DATA SECTION:
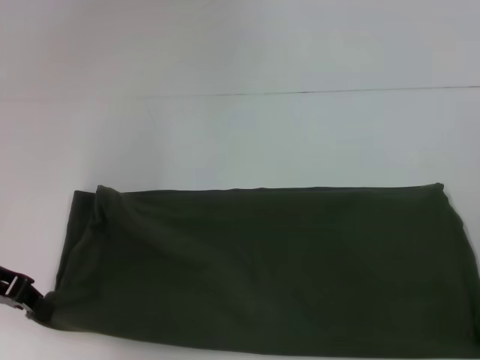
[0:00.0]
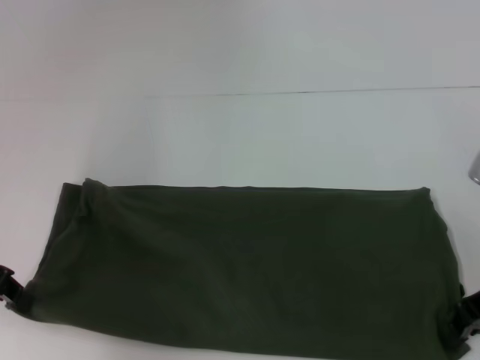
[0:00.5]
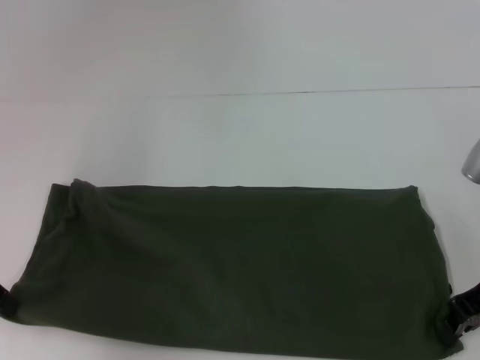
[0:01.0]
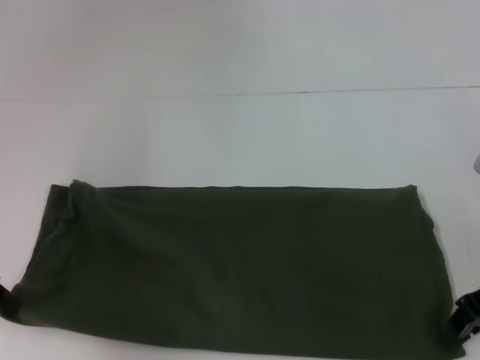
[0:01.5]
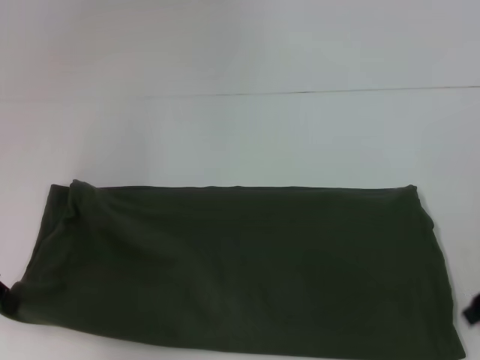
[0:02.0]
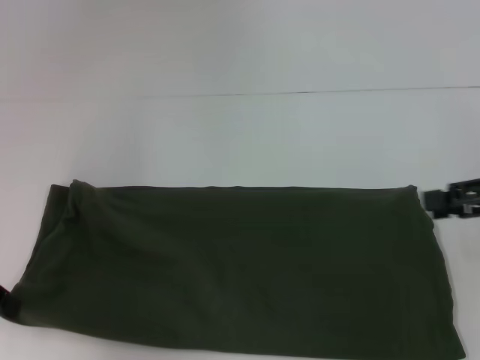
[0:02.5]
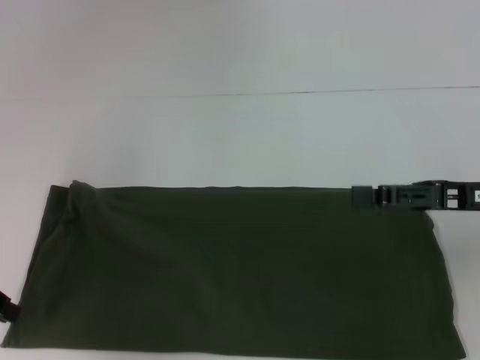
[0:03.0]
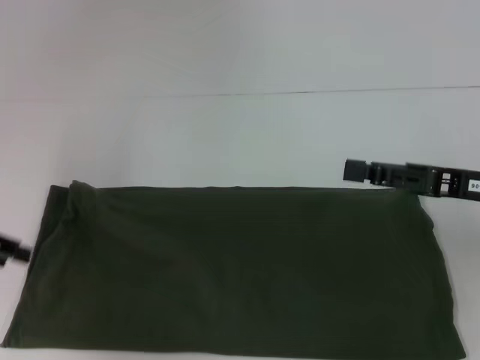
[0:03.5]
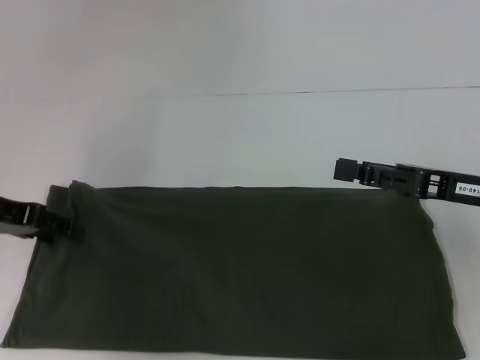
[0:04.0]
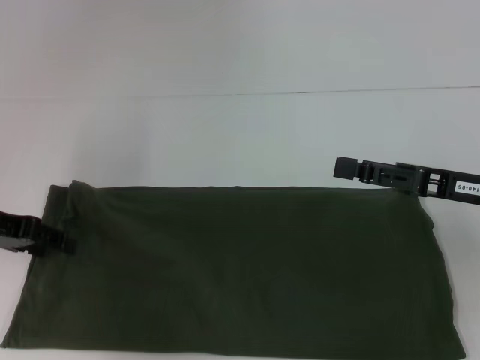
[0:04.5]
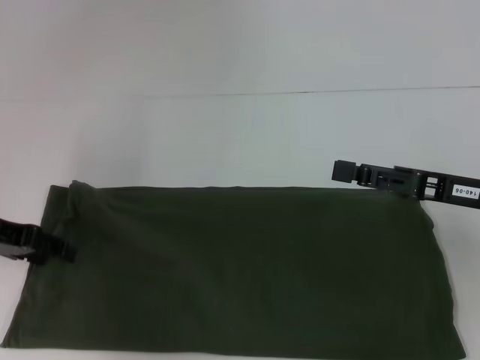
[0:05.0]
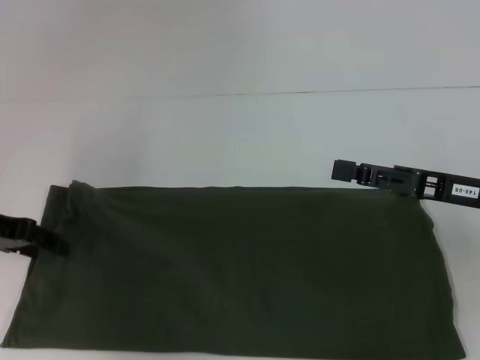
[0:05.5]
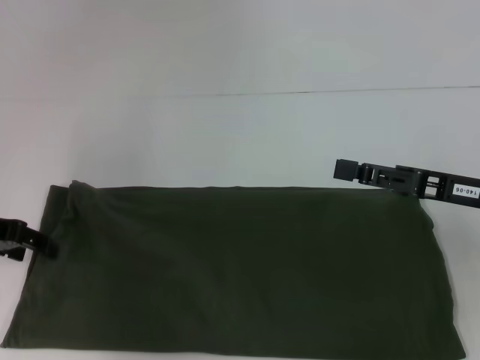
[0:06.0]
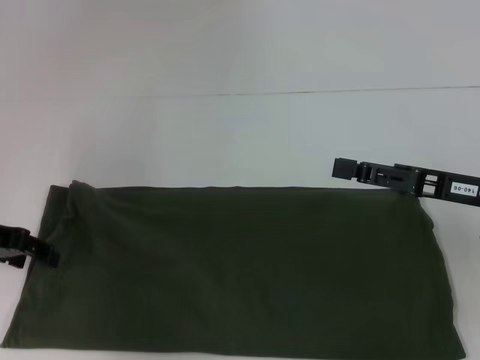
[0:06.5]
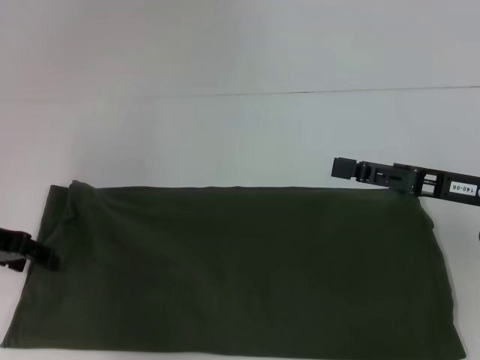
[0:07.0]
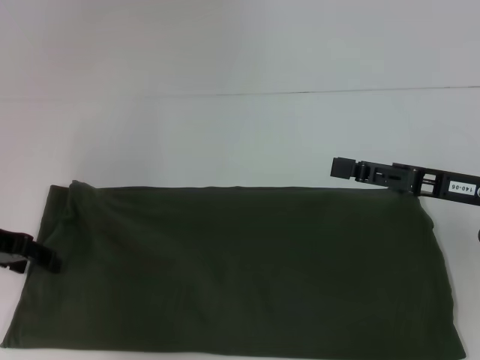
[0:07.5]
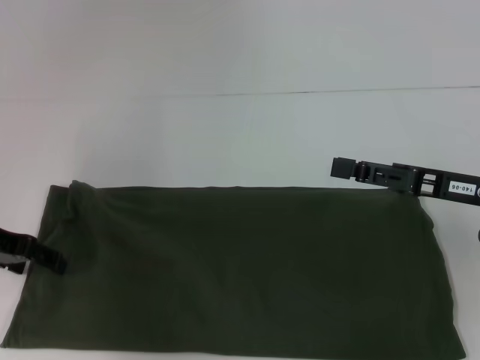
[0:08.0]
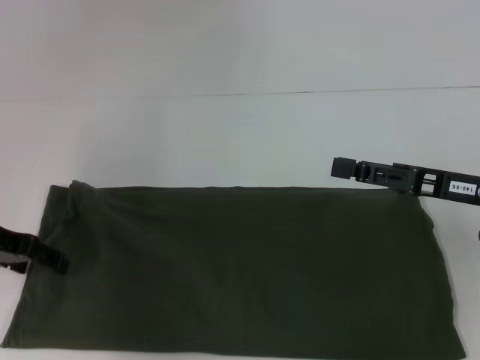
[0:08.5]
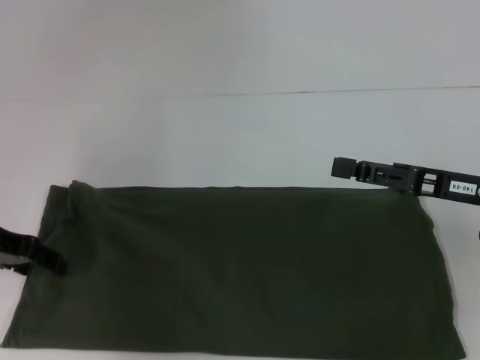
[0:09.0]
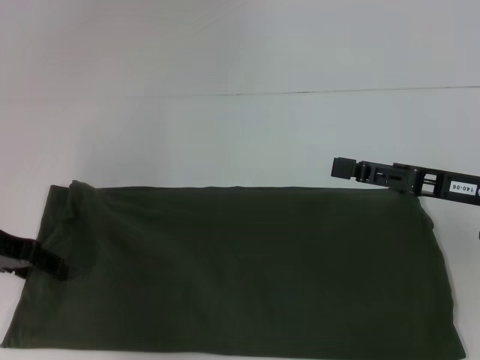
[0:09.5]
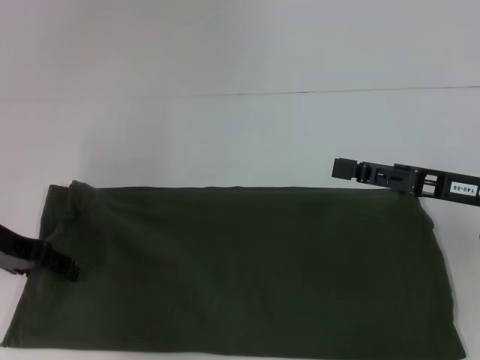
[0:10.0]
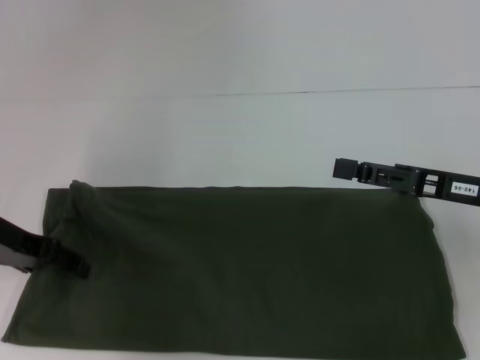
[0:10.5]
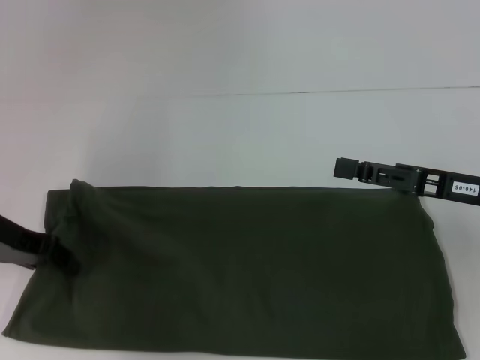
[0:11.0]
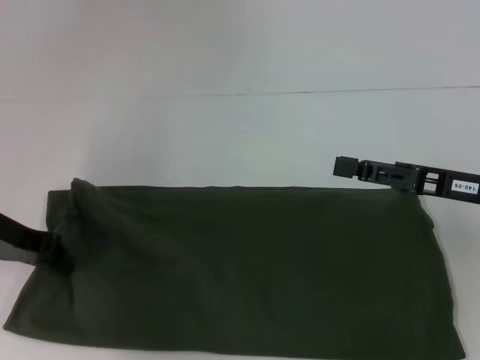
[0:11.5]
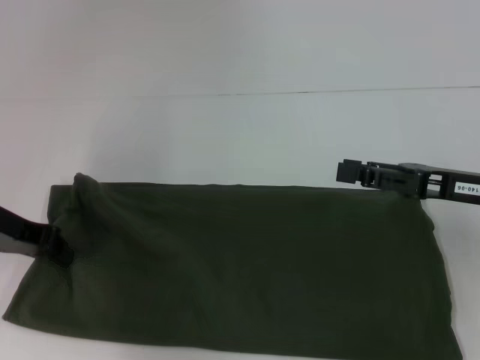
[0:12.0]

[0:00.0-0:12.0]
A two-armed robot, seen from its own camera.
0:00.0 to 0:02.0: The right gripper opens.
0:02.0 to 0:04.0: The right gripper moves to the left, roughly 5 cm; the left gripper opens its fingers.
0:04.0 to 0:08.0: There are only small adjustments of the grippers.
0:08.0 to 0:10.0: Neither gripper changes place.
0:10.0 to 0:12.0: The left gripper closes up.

ACTIVITY:
Where a record above holds a picture, drop the picture and print the rest exactly.

EXERCISE RESPONSE:
[0:00.0]
[0:00.5]
[0:01.0]
[0:01.5]
[0:02.0]
[0:02.5]
[0:03.0]
[0:03.5]
[0:04.0]
[0:04.5]
[0:05.0]
[0:05.5]
[0:06.0]
[0:06.5]
[0:07.0]
[0:07.5]
[0:08.0]
[0:08.5]
[0:09.0]
[0:09.5]
[0:10.0]
[0:10.5]
[0:11.0]
[0:11.5]
[0:12.0]

[0:00.0-0:12.0]
A two-armed robot, seen from its own camera.
0:00.0 to 0:02.0: The right gripper opens.
0:02.0 to 0:04.0: The right gripper moves to the left, roughly 5 cm; the left gripper opens its fingers.
0:04.0 to 0:08.0: There are only small adjustments of the grippers.
0:08.0 to 0:10.0: Neither gripper changes place.
0:10.0 to 0:12.0: The left gripper closes up.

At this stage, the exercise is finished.